Es lógico esperar que sea su asesor si la llamada del Oscar se confirma. La afortunada que estará a su lado en la alfombra roja será Hannah Bagshawe, su mujer desde el pasado diciembre. “El afortunado soy yo”, corrige hecho un caballero. El único escándalo que se le conoce a Redmayne, y no fue su culpa, fue su romance con Carey Mulligan después de que la actriz rompiera con Shia LaBeouf. Demasiado sonado para su gusto, y por eso prefiere no hablar de su esposa, marchante de antigüedades. Pero hoy la felicidad de su nuevo estreno o los nervios le traicionan y no le importa compartir una batalla más de su vida, ese día en que conoció a Hannah. Fue en sus tiempos de Eton, cuando participó en un pase de modelos en un colegio femenino. Se trataba de un acto benéfico, recalca. “Nunca me olvidaré del chaval enclenque y pecoso que se paseó con el torso descubierto delante de todas las chicas para que luego saliera el más guapo de clase y se ganara la ovación. Bochornoso. Y en ese momento de ridículo fue cuando vi a Hannah. Su sonrisa. Ya sabes, de las contagiosas. Luego resultó que también le gustaban las artes, el teatro”, recuerda con la mirada perdida. Amor a primera vista. Como el de su Marius con Cossette en Los Miserables, el de Mi semana con Marilyn o el de Hawking con Jane en La teoría del todo. Lo malo es que le costó 15 años convencerla de sus intenciones, aunque su primera cita no fuera más romántica: un viaje a Florencia decidido de un día para otro.

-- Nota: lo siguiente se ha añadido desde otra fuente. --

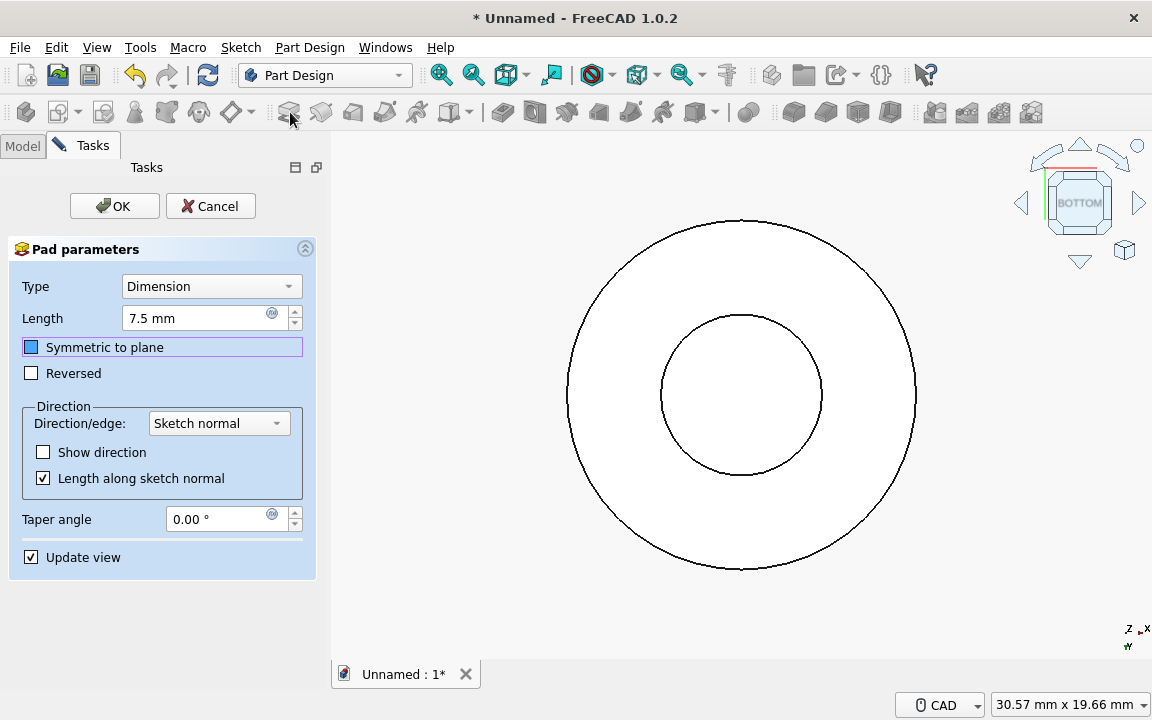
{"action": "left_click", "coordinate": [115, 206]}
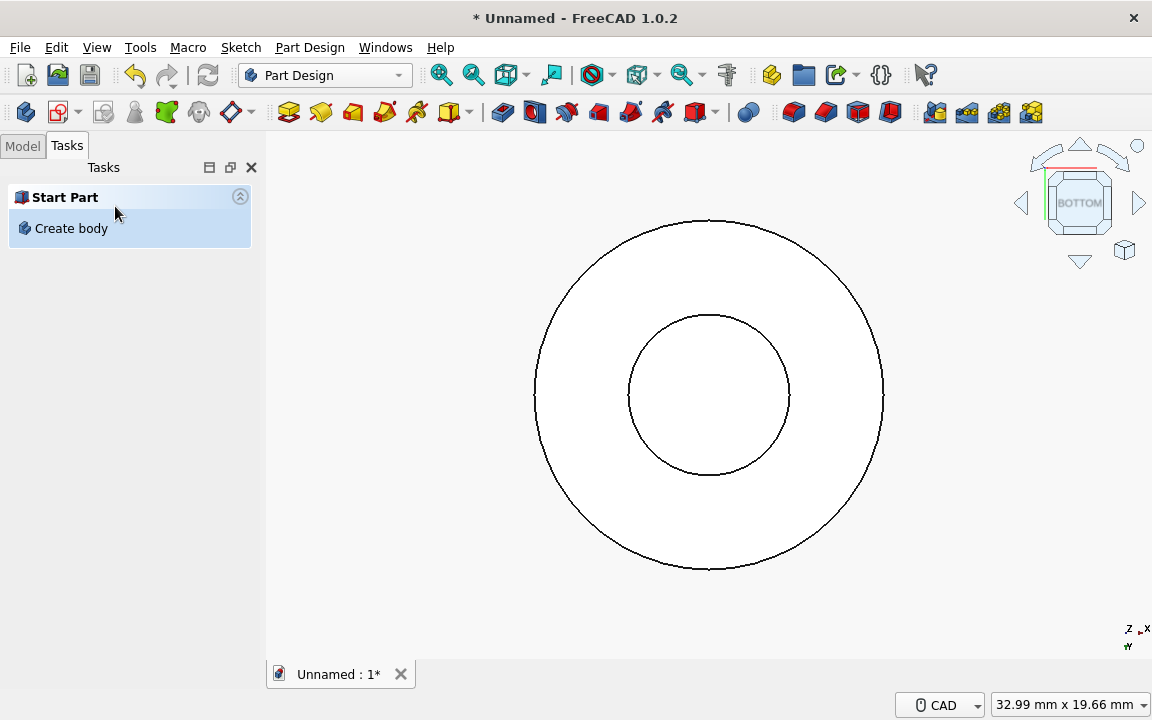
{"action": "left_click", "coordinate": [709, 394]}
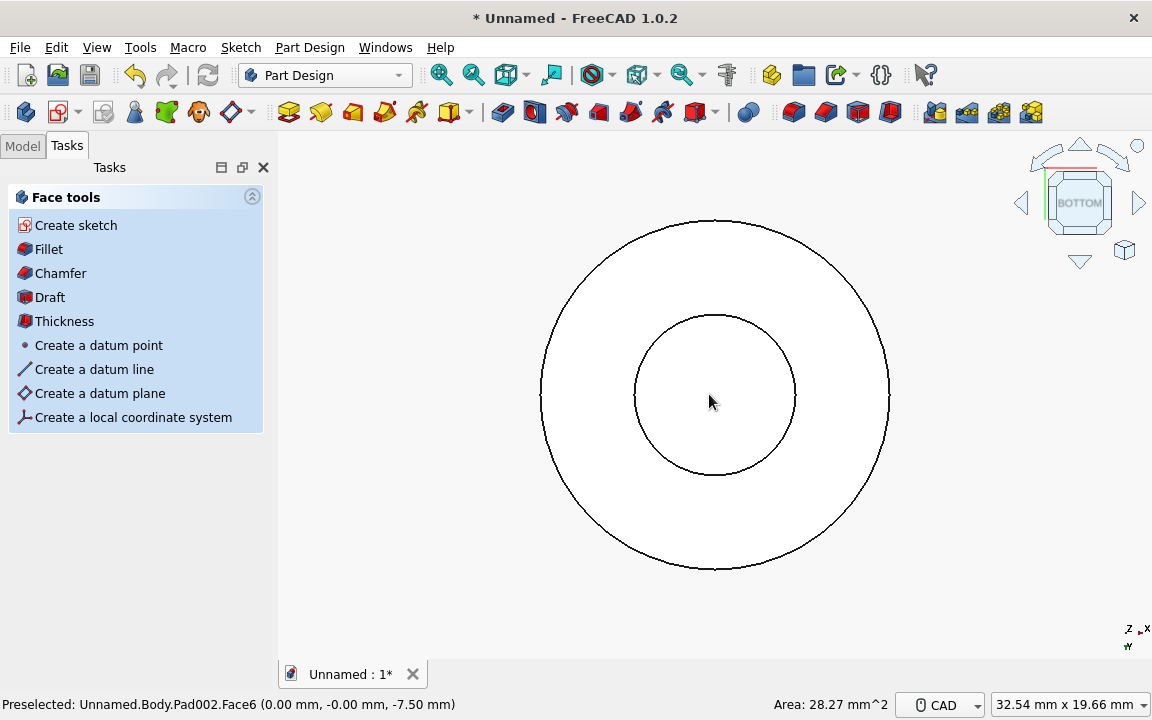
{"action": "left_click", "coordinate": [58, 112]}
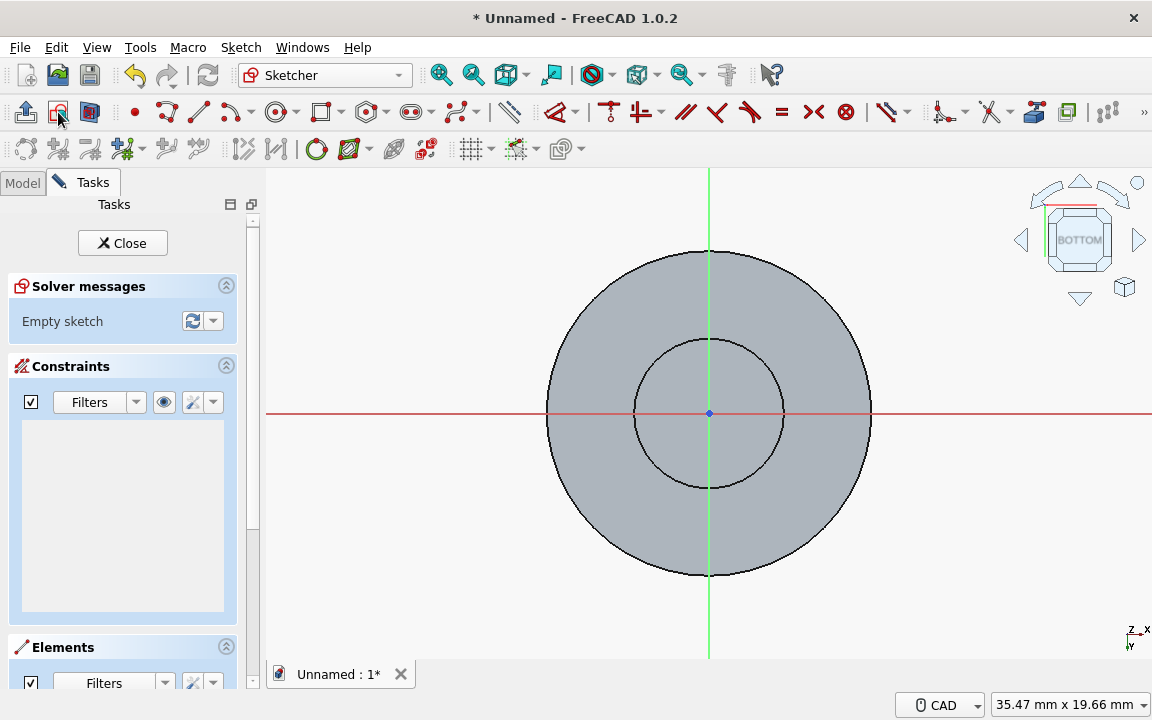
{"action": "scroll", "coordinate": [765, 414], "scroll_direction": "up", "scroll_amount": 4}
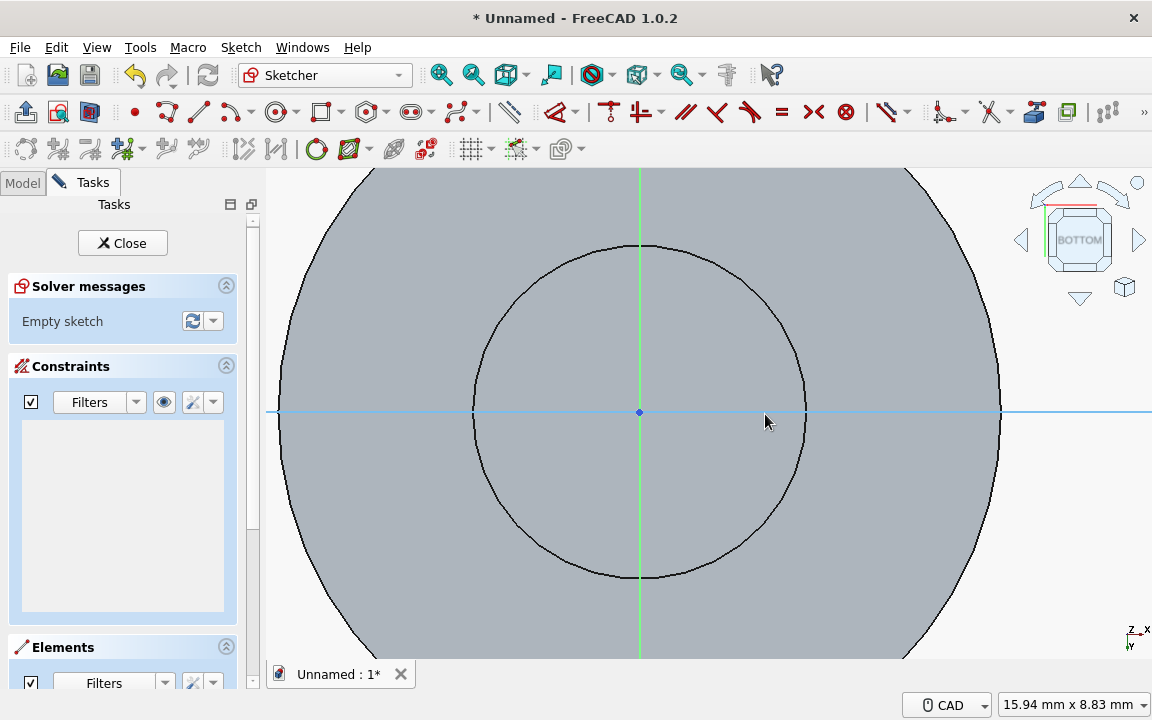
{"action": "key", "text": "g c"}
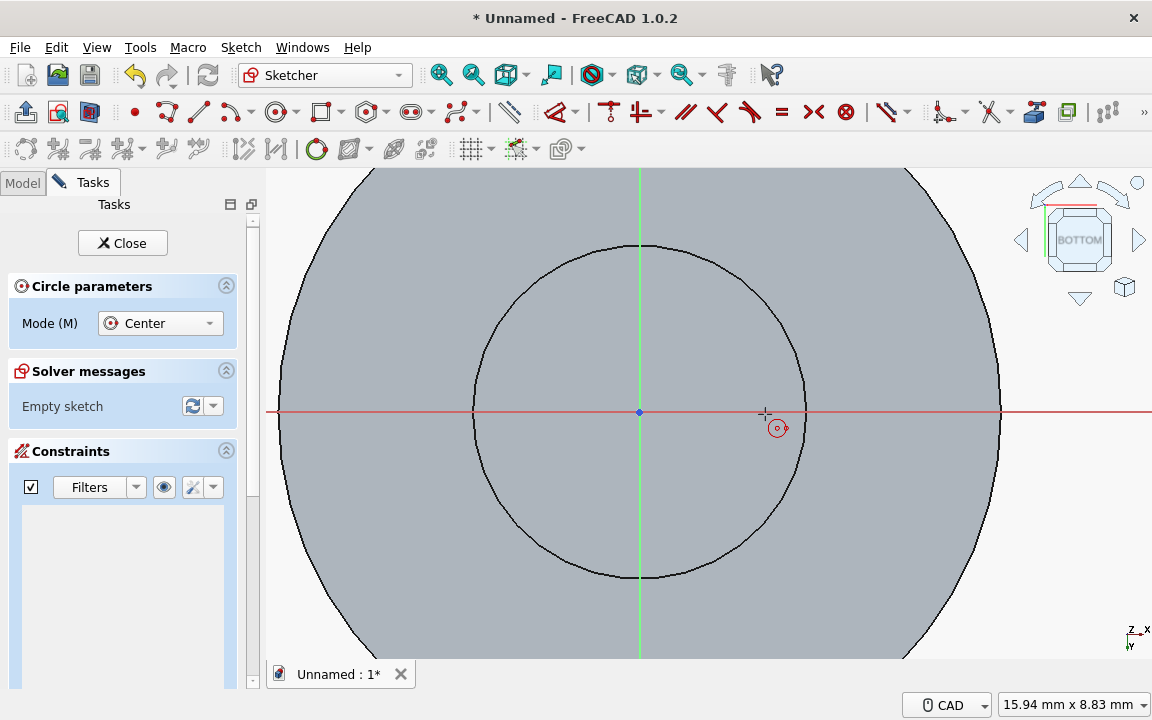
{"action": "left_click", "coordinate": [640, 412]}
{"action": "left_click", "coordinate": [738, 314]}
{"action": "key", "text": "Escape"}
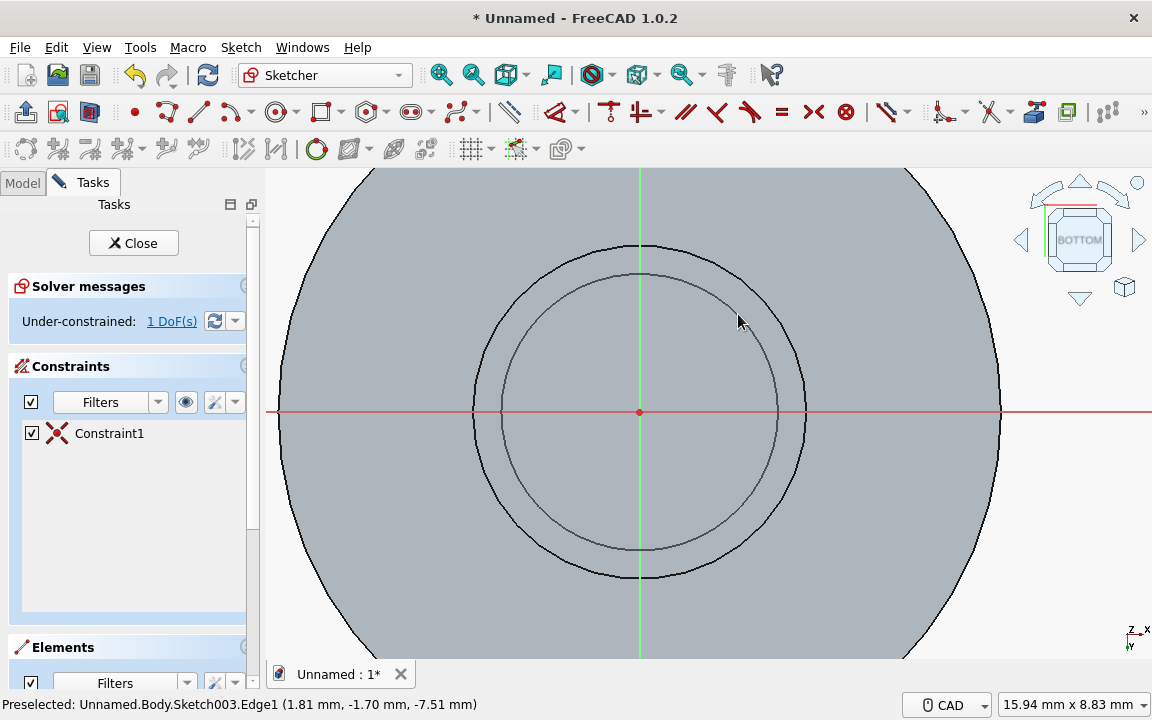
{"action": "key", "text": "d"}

De la vieja escuela, pero con visión de futuro. Que al Oscar le guste o no su trabajo como Stephen Hawking no le preocupa. El astrofísico le ha dado su bendición por la que tanto luchó y es lo único que puntúa. “La película acabó siendo una biografía, una historia de identidad, de la lucha para superar todos los obstáculos, pero sobre todo una historia de amor, de los orígenes del amor, de sus trampas, pasiones, límites, escollos”, enumera. Pero eso ya es parte del pasado. Y se zambulle a continuación “en la imaginación de los hermanos Wachowski” con su futuro estreno de acción, Jupiter Ascending, y se convierte en el primer hombre que se hizo mujer para The Danish Girl, película que le vuelve a unir a Hooper. Como asegura, ni es un actor de método ni siente que se haya preparado para disfrutar de la labor que está haciendo como intérprete. Simplemente se ha labrado una carrera a base de labia, comportándose como si fuera un actor. Y, a juzgar por los resultados, no le ha ido nada mal. Ha sido una carrera “bastante acertada”.